そこで毎晩御所を守る武士が大ぜい、天子さまのおやすみになる御殿の床下に寝ずの番をして、どうかしてこの妖しい鳴き声の正体を見届けようといたしました。
するうちそれは、なんでも毎晩おそくなると、東の方から一むらの真っ黒な雲が湧き出して来て、だんだん紫宸殿のお屋根の上におおいかかります。やがて大きなつめでひっかくような音がすると思うと、はじめ真っ黒な雲と思われていたものが急に恐ろしい化けものの形になって、大きなつめを恐れ多くも御所のお屋根の上でといでいるのだということがわかりました。
しかしこうして捨てて置けば天子さまのお病はいよいよ重くなって、どんな大事にならないとも限りません。これは一日も早くこの怪しいものを退治して、天子さまのお悩みを鎮めてあげなければならないというので、お公卿さまたちがみんな寄って相談をしました。
なにしろそれにはなに一つし損じのないように、武士の中でも一番弓矢の技のたしかな、心のおちついた人をえらばなければなりません。あれかこれかと考えてみますと、さしあたり源頼政の外に、この大役をしおおせるものがございません。そこで相談がきまって、頼政が呼びだされることになりました。

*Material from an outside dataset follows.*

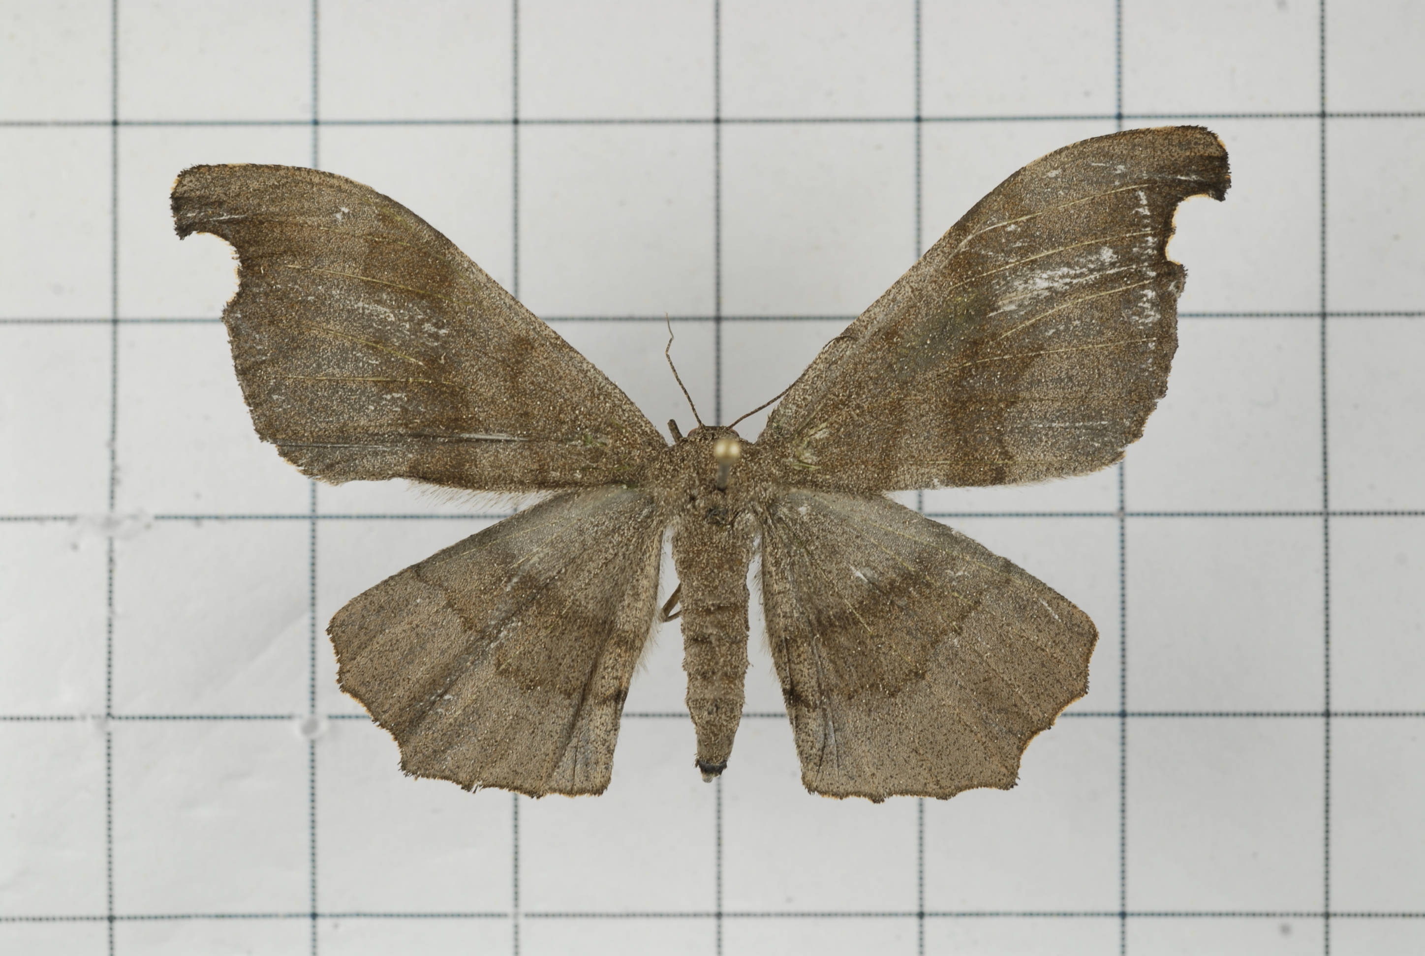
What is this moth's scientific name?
Hyposidra talaca talaca

どうして頼政がそういう名誉を担うようになったかと申しますと、いったいこの頼政は、あの大江山の鬼を退治した頼光には五代めの孫に当たりました。元々武芸の家柄である上に、生まれ付き弓矢の名人で、その上和歌の道にも心得があって、礼儀作法のいやしくない、いわば文武の達人という評判の高い人だったのです。
二
頼政は仰せを承りますと、さっそく鎧胴の上に直垂を着、烏帽子を被って、丁七唱、猪早太という二人の家来をつれて、御所のお庭につめました。唱には雷上動という弓に黒鷲の羽ではいた水破という矢と、山鳥の羽ではいた兵破という矢を持たせました。早太には骨食という短刀を懐に入れてもたせました。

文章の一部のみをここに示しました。